Q19. Regression — Causation Trap
A city finds a strong correlation (\(r = 0.92\)) between ice cream sales and drowning deaths across summer months. A city council member proposes restricting ice cream sales near beaches. What is wrong with this reasoning?
(b) Correlation \(\neq\) causation. Hot weather increases both ice cream purchases and swimming activity (which increases drowning risk). Temperature is the confounding variable driving both. Restricting ice cream would not reduce drownings. Establishing causation requires: (1) temporal precedence (cause before effect), (2) a plausible mechanism, and (3) ruling out confounders — ideally through controlled experiments. Regression alone cannot establish any of these.

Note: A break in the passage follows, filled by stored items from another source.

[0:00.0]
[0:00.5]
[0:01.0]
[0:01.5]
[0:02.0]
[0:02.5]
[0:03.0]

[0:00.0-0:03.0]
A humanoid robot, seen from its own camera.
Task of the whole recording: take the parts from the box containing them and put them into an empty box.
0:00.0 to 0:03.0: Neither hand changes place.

Q20. Regression — Adjusted R-squared
You add 15 random noise variables (generated from random numbers with no relationship to the response) to a regression model. What happens to \(R^2\) and adjusted \(R^2\)?

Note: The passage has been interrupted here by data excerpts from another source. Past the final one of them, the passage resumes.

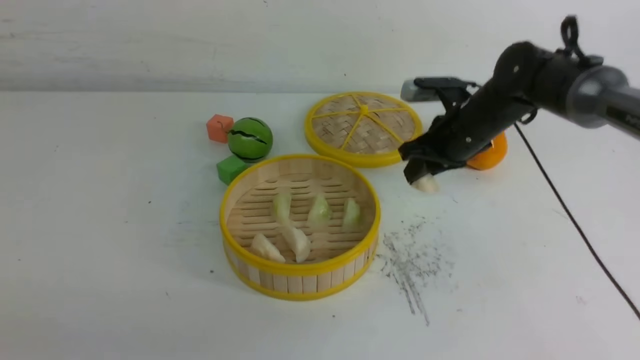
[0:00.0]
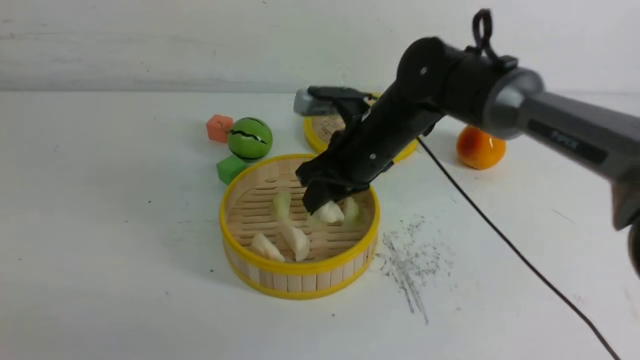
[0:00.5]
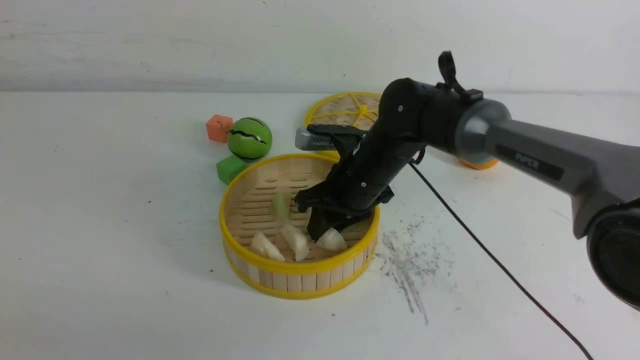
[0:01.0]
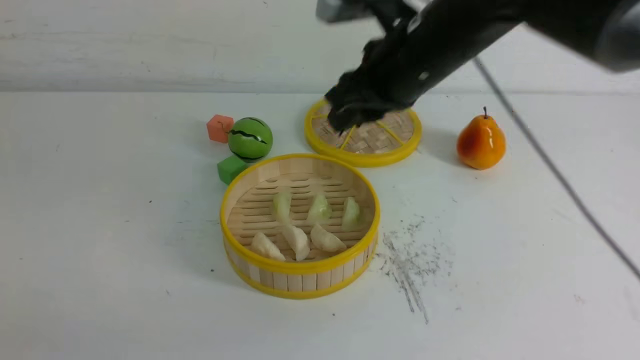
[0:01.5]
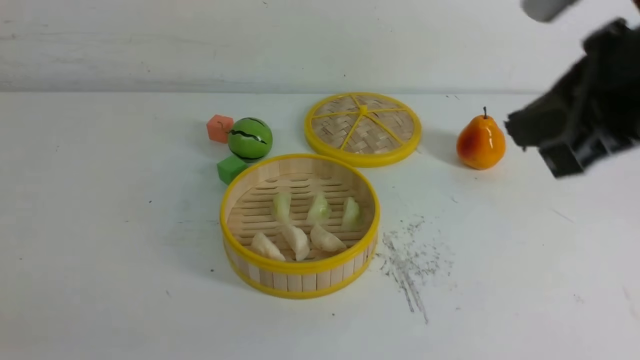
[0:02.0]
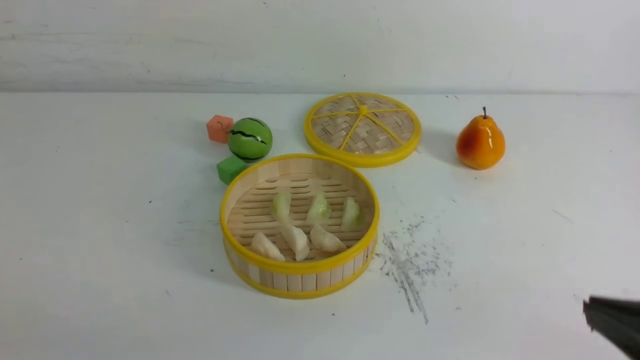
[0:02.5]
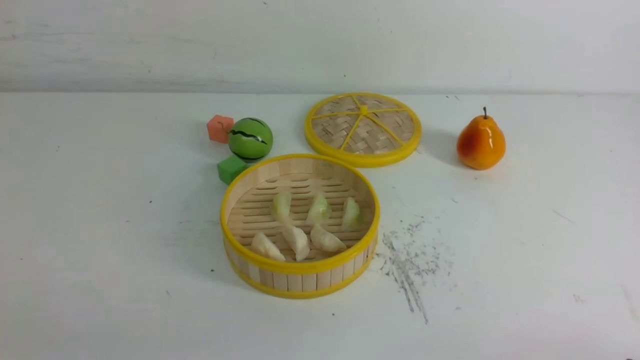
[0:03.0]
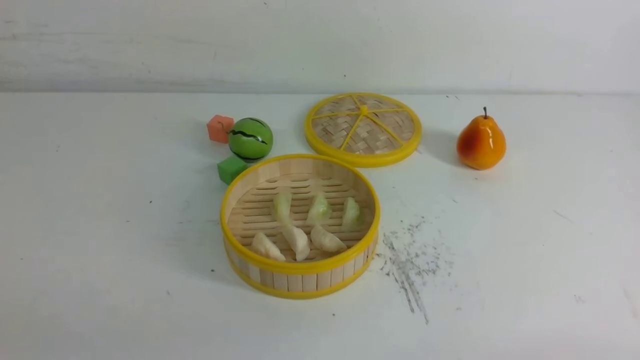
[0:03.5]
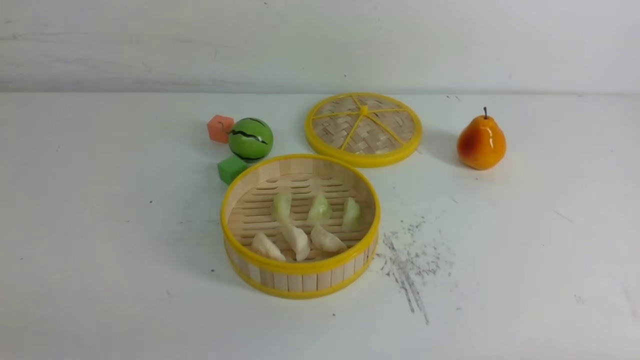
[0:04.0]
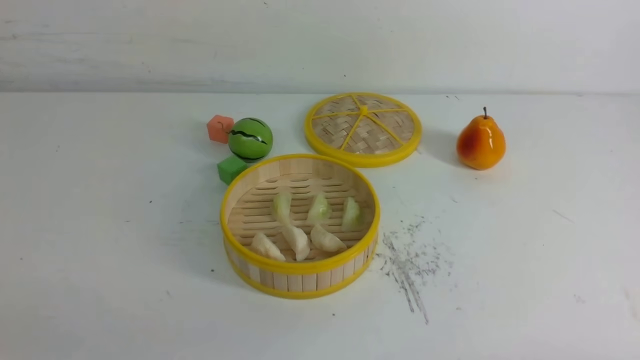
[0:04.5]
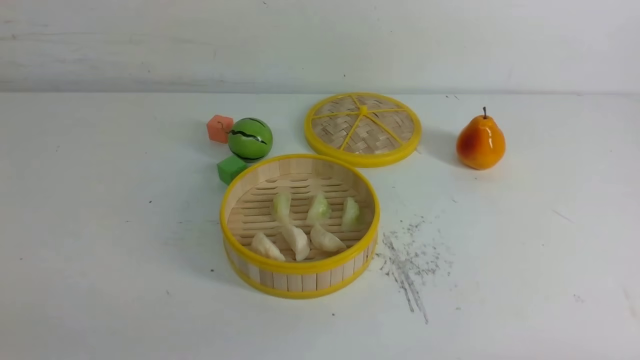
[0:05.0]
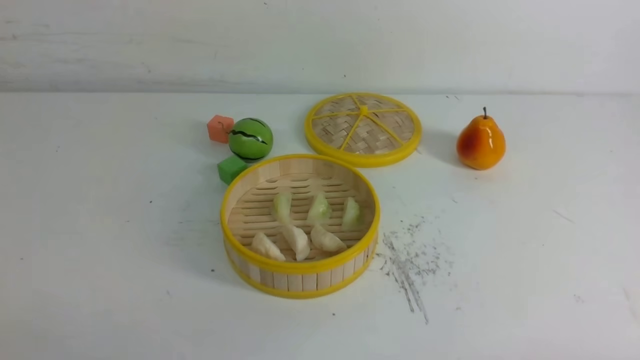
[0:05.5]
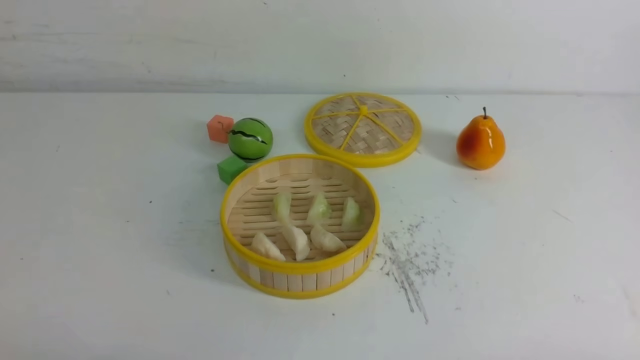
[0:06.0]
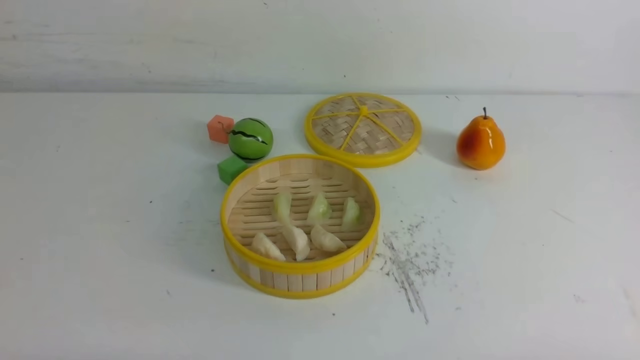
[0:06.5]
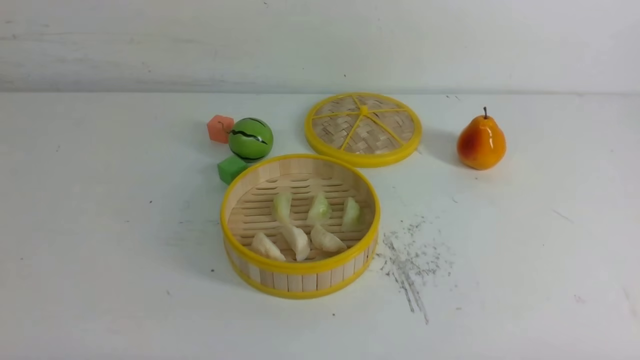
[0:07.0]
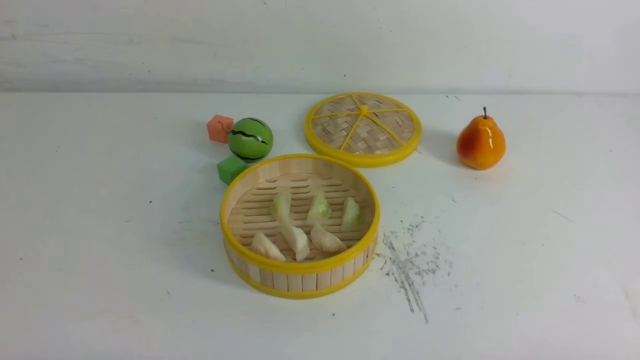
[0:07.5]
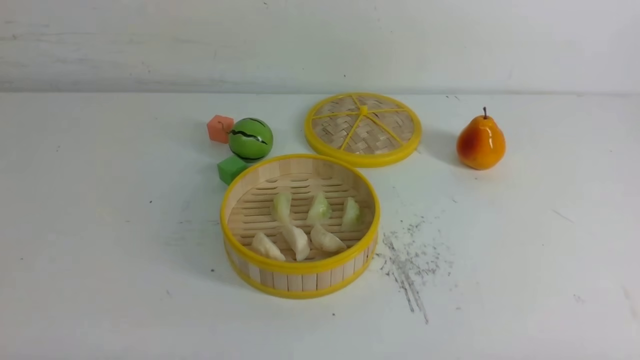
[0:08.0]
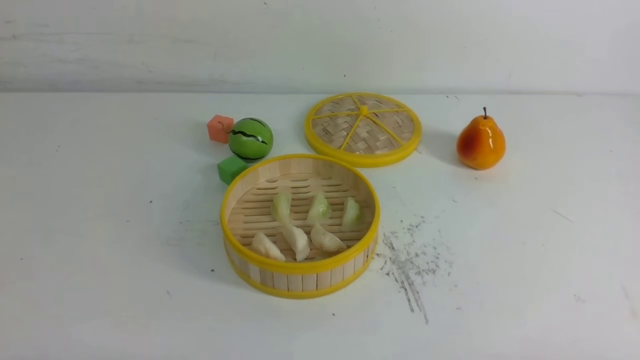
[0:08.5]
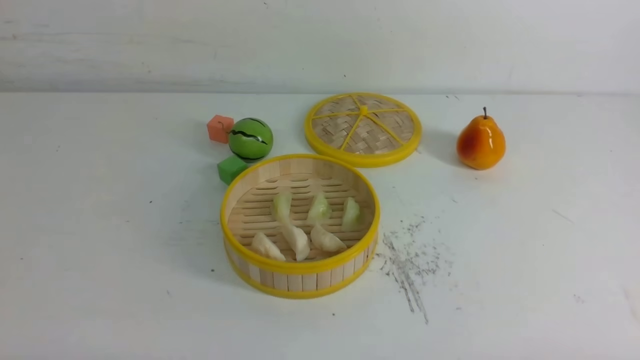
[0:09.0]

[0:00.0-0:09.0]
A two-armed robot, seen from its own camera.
Task of the whole recording: put the dumplings into the steamer on the white table.
0:00.0 to 0:02.0: The right gripper goes some 35 cm backward and upward, and closes up.
0:02.0 to 0:04.5: The right gripper shifts approximately 30 cm downward, backward and to the right.
0:07.0 to 0:09.0: Neither gripper changes place.

(c) \(R^2\) always increases (or stays the same) when you add predictors, even random noise. It’s a mathematical property — more variables can only reduce residual variance on the training data, even by accident. Adjusted \(R^2\) penalizes model complexity, so adding useless variables causes the penalty to outweigh the tiny \(R^2\) gain, and adjusted \(R^2\) decreases. This is why adjusted \(R^2\) (or AIC/BIC) is preferred for model comparison over raw \(R^2\).
Q21. Regression — Residual Diagnostics
Your regression residual plot shows a clear fan shape (residuals spread wider as the fitted values increase). What does this indicate and what is the fix?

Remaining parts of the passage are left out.